Wie real ist die Bedrohung durch hybride Kriegsführung?
Klaudia Tanner: Sehr real. Krieg findet nicht nur dort statt, wo man ihn sieht. Fake News, Desinformationskampagnen sind Teil moderner Kriegsführung. Es gibt gezielte Angriffe – vor allem im Vorfeld von Wahlen. Auch bei uns. Falsche Information verändert Gesellschaften. Gerade von russischer Seite sehen wir massive Aktivitäten in sozialen Medien.

Vom Cyberraum zum Greifbareren: Wie vorstellbar ist es für Sie, dass es zu einem bewaffneten Konflikt auf europäischem Boden kommt?
Klaudia Tanner: Es gibt Militärexperten, die Wahrscheinlichkeiten nennen. Das würde ich nicht machen. Fakt ist: Wir müssen uns vorbereiten. Verteidigungsfähig zu sein – gerade auch als neutraler Staat – steht in unserer Verfassung. Unsere Neutralität mit allen zur Verfügung stehenden Mitteln auch zu verteidigen.

Rossauer Kaserne, Wien, Österreich  Gespräch mit Außenministerin Beate Meinl-Reisinger und Bundesministerin für Landesverteidigung Klaudia Tanner  am 10. März  2025
Verteidigungs- und Außenministerium stehen in enger Abstimmung zur neuen Rolle Österreichs.

Neutralität verteidigen

Zur Neutralität: Nicht erst mit Sky Shield und der aktuellen Debatte oder Sicherheitslage rückt das Thema wieder in den Fokus.
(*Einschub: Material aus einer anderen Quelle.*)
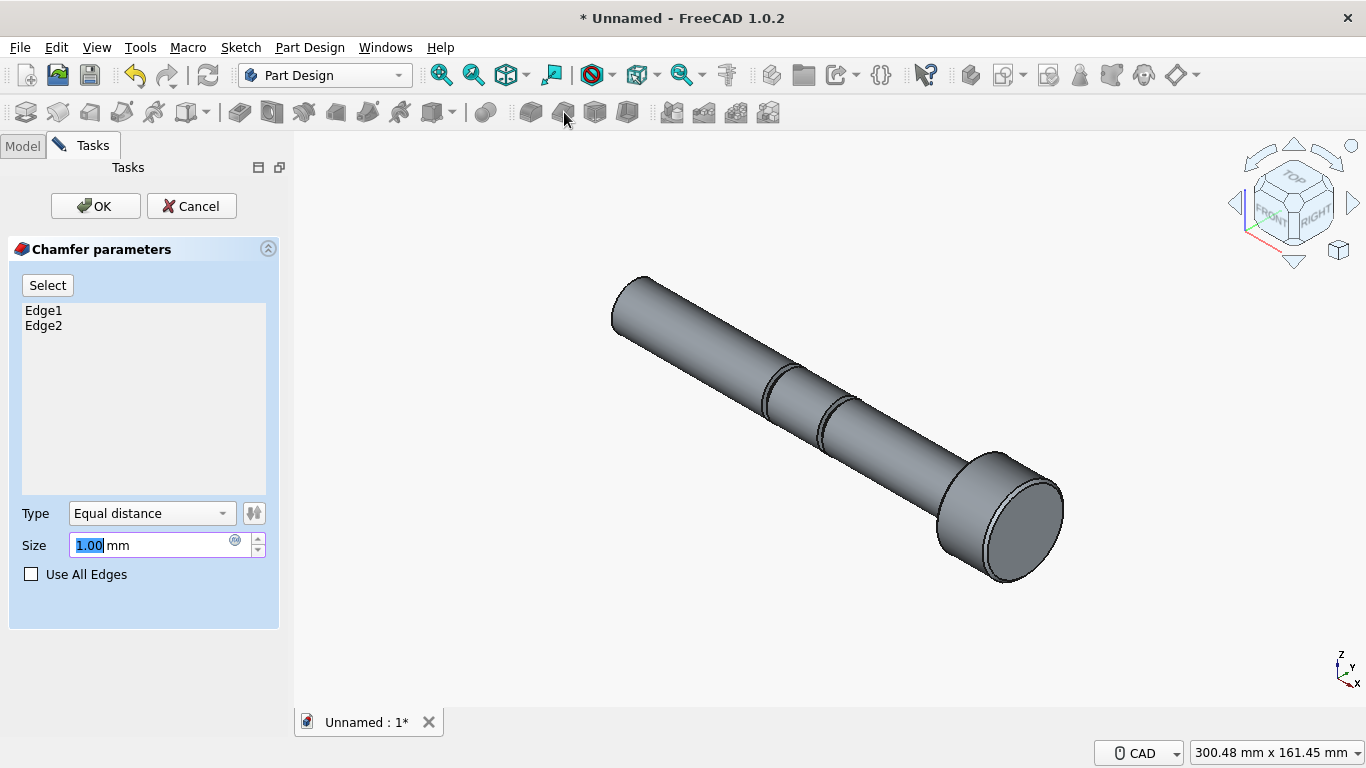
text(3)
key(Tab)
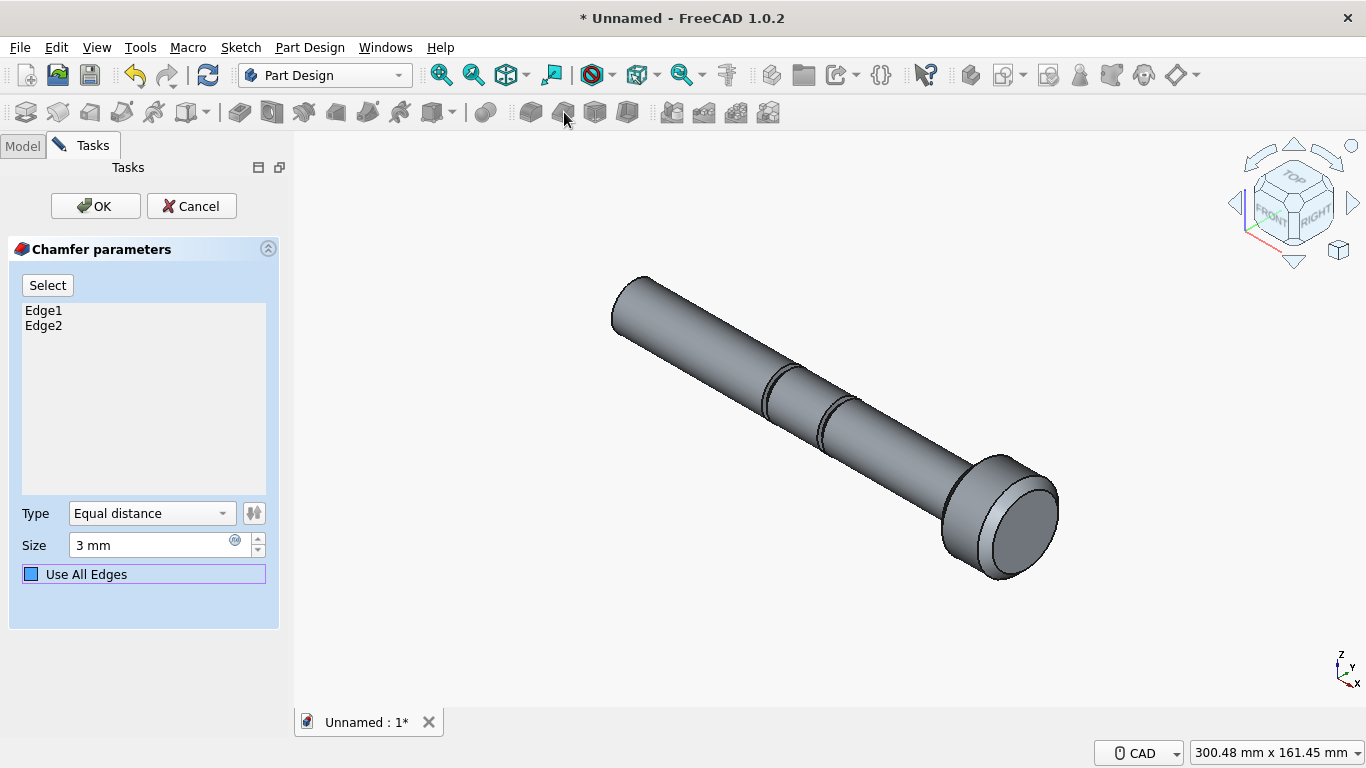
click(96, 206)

Hat sich das Konzept überholt?
Klaudia Tanner: Wir sind militärisch neutral, aber kein außenpolitischer Zuseher. Wir leisten unseren Beitrag bei Friedensmissionen und in der gemeinsamen Sicherheits- und Verteidigungspolitik. Wir sind ein glaubwürdiger Partner innerhalb dieser Politik. Daher finde ich es richtig, militärisch neutral zu sein, aber auch aktiv mitzuwirken.
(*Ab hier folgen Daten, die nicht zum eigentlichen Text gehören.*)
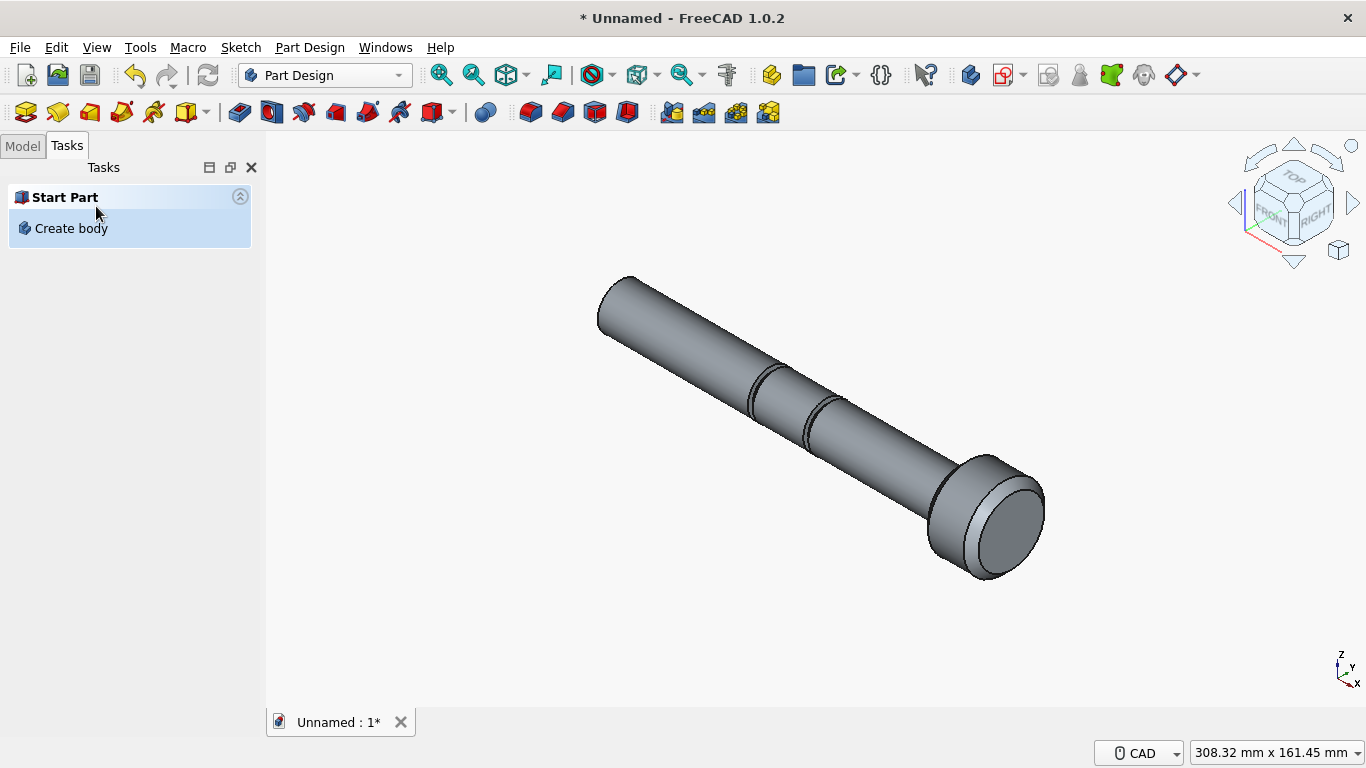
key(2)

Wie weit schützt uns die Neutralität?
Klaudia Tanner: Neutralität schützt uns nur, wenn wir sie auch verteidigen können. In der Vergangenheit haben wir auf die Mittel zur Verteidigung vergessen, weil wir uns auf einer Insel der Seligen gefühlt haben. Was uns schützt, ist ein gut ausgestattetes, modernes Bundesheer. Auf diesem Weg sind wir – mit dem Aufbauplan 2032 plus und mit der Mission vorwärts. Wichtig ist: Wir müssen die Neutralität verteidigen können und gleichzeitig ein vertrauenswürdiger Partner in der gemeinsamen Sicherheits- und Verteidigungspolitik bleiben.